Op elk mogelijk hoekje, langs elk mogelijk hekje of touwtje, absoluut overal waar je maar keek, stond wel iemand die je met een ongelofelijke vriendelijkheid in de goeie richting stuwde. Voort, voort, sneller, sneller, hup, hup. Soms door wel drie personen tegelijkertijd werd ik, absoluut behulpzaam en beleefd, doch evenzeer kordaat, aangemaand niet te talmen, niet te aarzelen, en stevig door te stappen in de juiste richting. "Vee!", dacht ik bij mezelf, "wij zijn allemaal een stel schapen, of varkens!", en voelde me werkelijk als een koe, gedwee en gelaten op weg naar de slachtbank... Ja, zelfs die hele overdosis vriendelijkheid kon daar niets aan veranderen. In 't tegendeel zelfs: zóveel vriendelijkheid, en werkelijk bij élke vrijwilliger, van de allereerste tot de allerlaatste, in een wereld waarin een klein beetje aardig zijn al als 'vreemd' beschouwd wordt?! (lees mijn eerdere blogje: 'Vriendelijk.') Daar klopt toch iets niet helemaal aan, hoor. Bizar! Je zou voor minder achterdochtig worden, als ge 't mij vraagt...

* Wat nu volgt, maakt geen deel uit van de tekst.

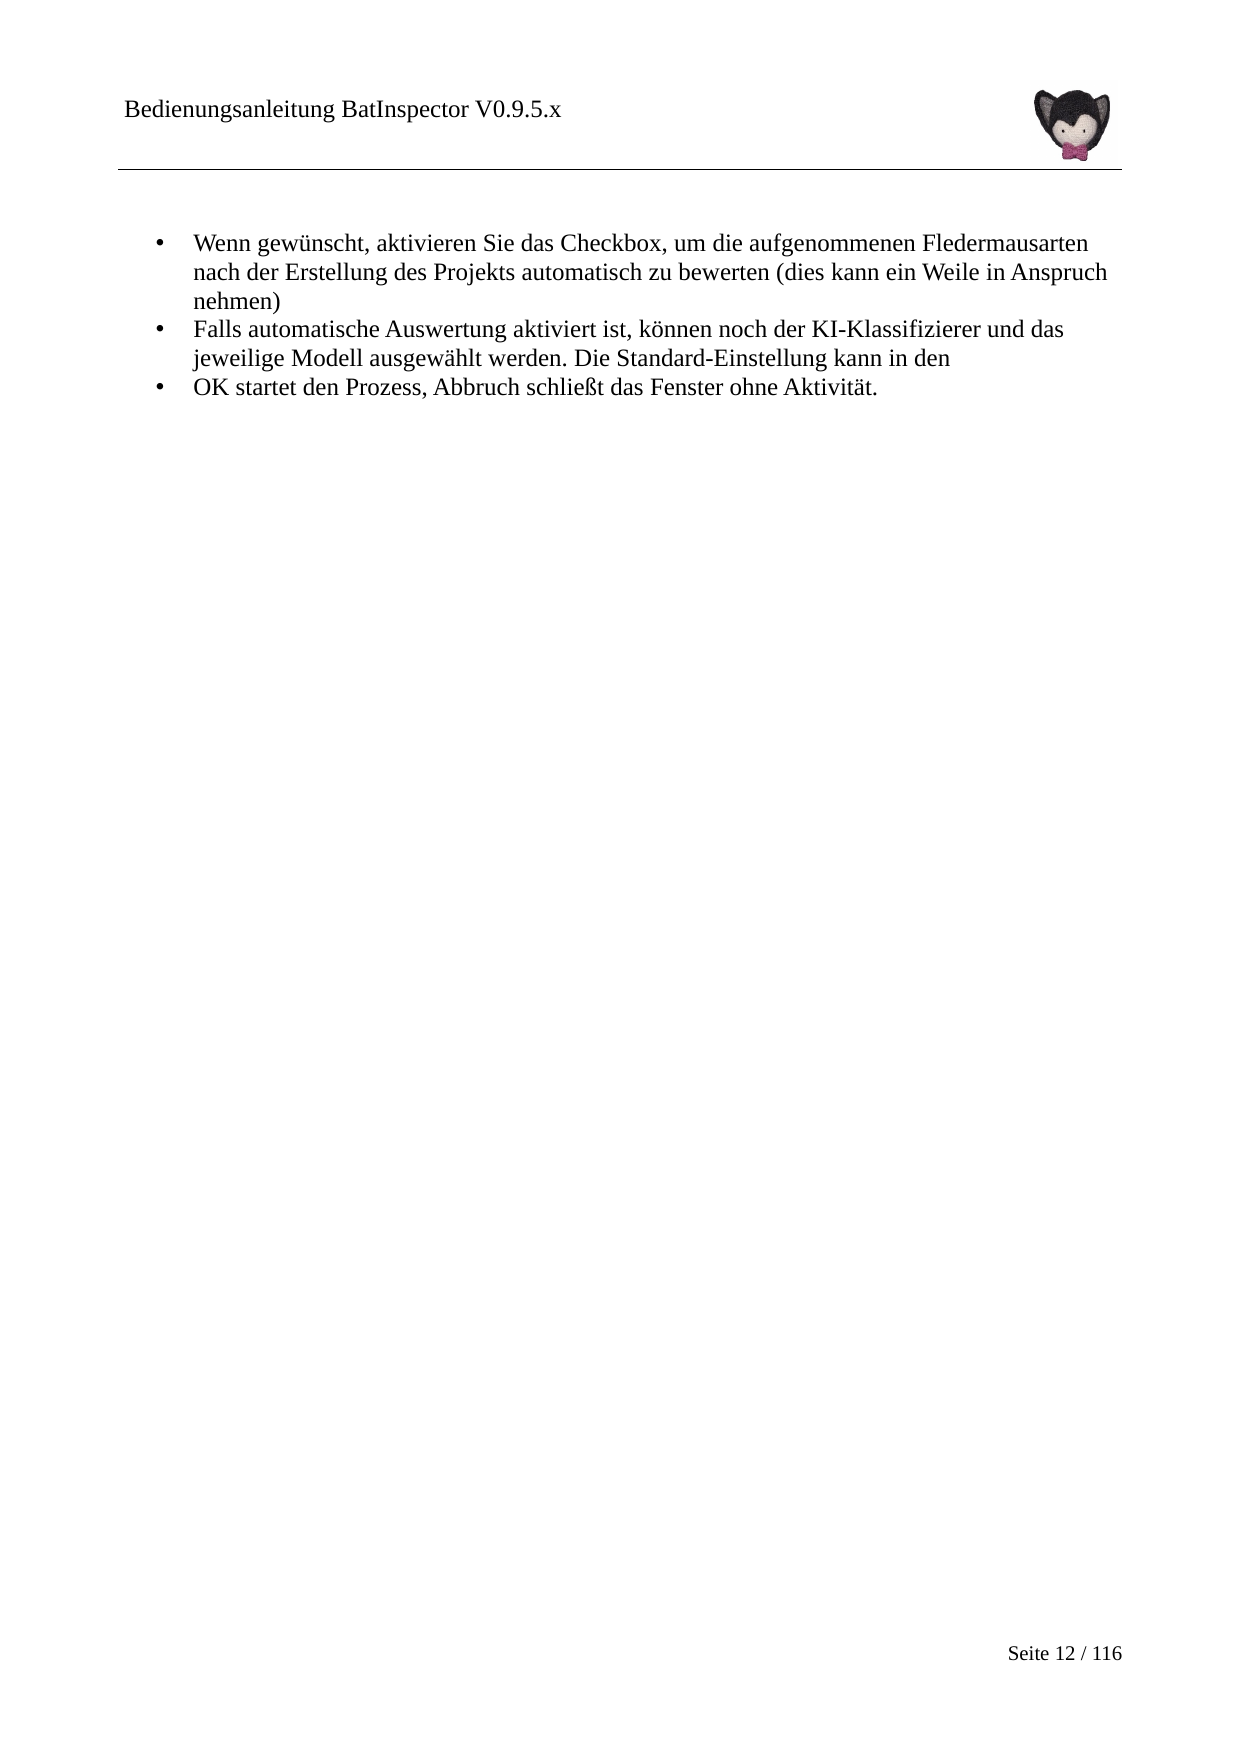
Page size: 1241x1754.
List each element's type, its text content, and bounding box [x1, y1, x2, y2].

list OK startet den Prozess, Abbruch schließt das Fenster ohne Aktivität. [156, 372, 1122, 401]
picture [1030, 80, 1119, 169]
list Wenn gewünscht, aktivieren Sie das Checkbox, um die aufgenommenen Fledermausarten nach der Erstellung des Projekts automatisch zu bewerten (dies kann ein Weile in Anspruch nehmen) [156, 228, 1122, 314]
list Falls automatische Auswertung aktiviert ist, können noch der KI-Klassifizierer und das jeweilige Modell ausgewählt werden. Die Standard-Einstellung kann in den [156, 314, 1122, 372]
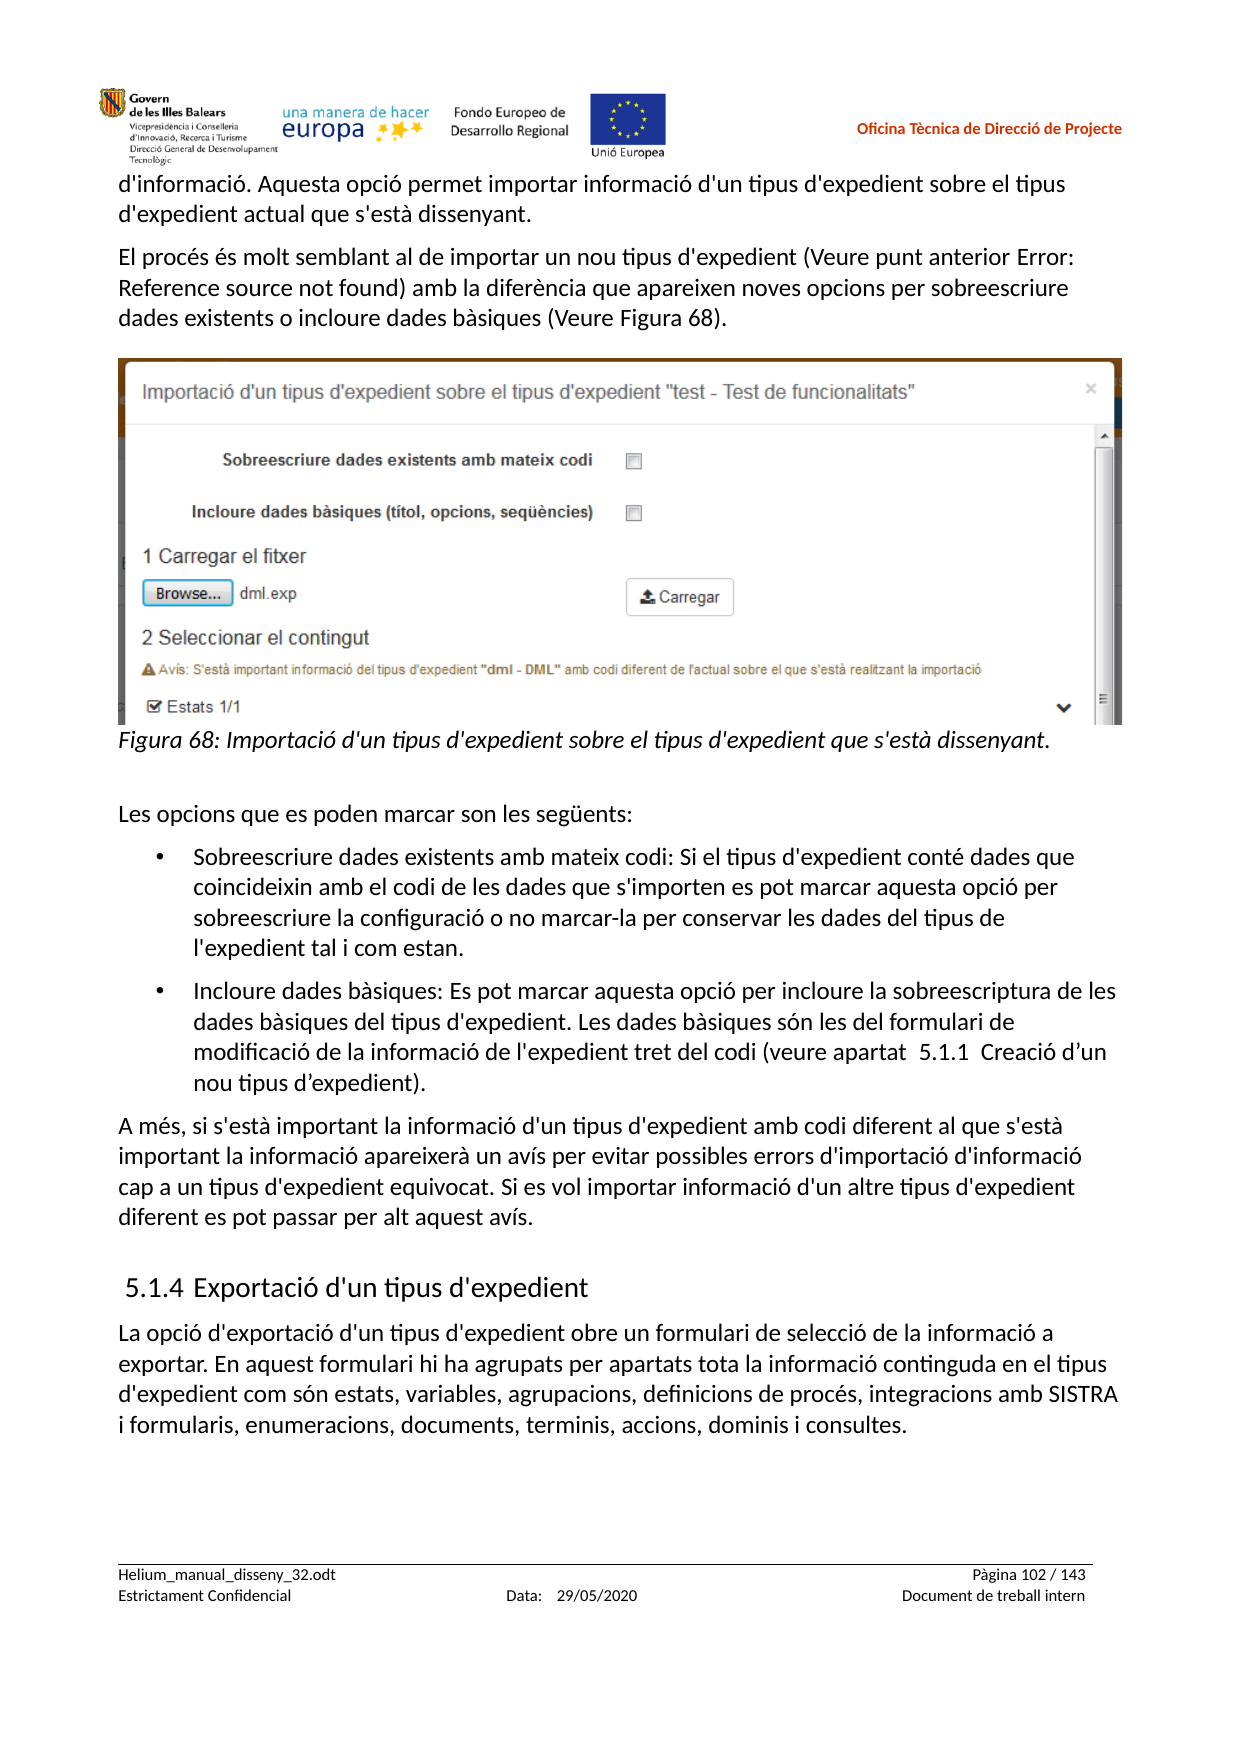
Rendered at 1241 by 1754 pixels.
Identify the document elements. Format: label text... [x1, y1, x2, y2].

text La opció d'exportació d'un tipus d'expedient obre un formulari de selecció de la informació a exportar. En aquest formulari hi ha agrupats per apartats tota la informació continguda en el tipus d'expedient com són estats, variables, agrupacions, definicions de procés, integracions amb SISTRA i formularis, enumeracions, documents, terminis, accions, dominis i consultes. [118, 1318, 1122, 1440]
text Figura 68: Importació d'un tipus d'expedient sobre el tipus d'expedient que s'està dissenyant. [118, 725, 1122, 755]
subtitle Exportació d'un tipus d'expedient [118, 1269, 1122, 1305]
text d'informació. Aquesta opció permet importar informació d'un tipus d'expedient sobre el tipus d'expedient actual que s'està dissenyant. [118, 168, 1122, 229]
picture [118, 358, 1123, 725]
text Les opcions que es poden marcar son les següents: [118, 798, 1122, 828]
text El procés és molt semblant al de importar un nou tipus d'expedient (Veure punt anterior Error: Reference source not found) amb la diferència que apareixen noves opcions per sobreescriure dades existents o incloure dades bàsiques (Veure Figura 68). [118, 241, 1122, 333]
text A més, si s'està important la informació d'un tipus d'expedient amb codi diferent al que s'està important la informació apareixerà un avís per evitar possibles errors d'importació d'informació cap a un tipus d'expedient equivocat. Si es vol importar informació d'un altre tipus d'expedient diferent es pot passar per alt aquest avís. [118, 1110, 1122, 1232]
list Sobreescriure dades existents amb mateix codi: Si el tipus d'expedient conté dades que coincideixin amb el codi de les dades que s'importen es pot marcar aquesta opció per sobreescriure la configuració o no marcar-la per conservar les dades del tipus de l'expedient tal i com estan. [156, 841, 1122, 963]
picture [99, 87, 668, 166]
list Incloure dades bàsiques: Es pot marcar aquesta opció per incloure la sobreescriptura de les dades bàsiques del tipus d'expedient. Les dades bàsiques són les del formulari de modificació de la informació de l'expedient tret del codi (veure apartat 5.1.1 Creació d’un nou tipus d’expedient). [156, 975, 1122, 1097]

Bon, bij elke volgende splitsing: opnieuw de documenten laten zien, om aansluitend weer netjes gesorteerd op 't juiste pad verder te snellen. Vlak voor de laatste ontdubbeling versperde een soort grote poortwachter me onverwacht de weg. Diep in m'n nogal duistere gedachten verzonken en me licht opgejaagd voort haastend, botste ik bijna pardoes tegen hem op. Met ogen, zo fenomenaal grijsblauw dat je er tijd en wereld in zou verliezen, keek hij onbewogen op me neer. Of ik allergisch was aan vaccins, en of ik bloedverdunners nam, wilde hij weten. Even totaal van mijnen apropos kostte het nog behoorlijk wat moeite om 't juiste antwoord te vinden en uit m'n mond te wringen, maar 'k mocht al gauw passeren, en, opnieuw correct voorgesorteerd, verder lopen langst het keurig afgebakend pad. Van verloren lopen of fout terecht komen is daar aan Spoor Oost absoluut geen sprake, hoor, ge moogt gerust zijn. "Ontsnappen onmogelijk!", voegde ik er voor mezelf nog grimmig grommelend aan toe en met nog meer van die ijskoude rillingen over m'n rug, had ik onverhoeds -mijn oprechte excuses aan eenieder die zich hierdoor om welke reden dan ook beledigd, misnoegd of tekortgedaan zou voelen- beelden in mijn hoofd van het uitsorteren van die mensenmassa's, pakweg 75 jaar geleden, die met volle treinwagons afgeleverd werden aan de concentratie- en vernietigingskampen...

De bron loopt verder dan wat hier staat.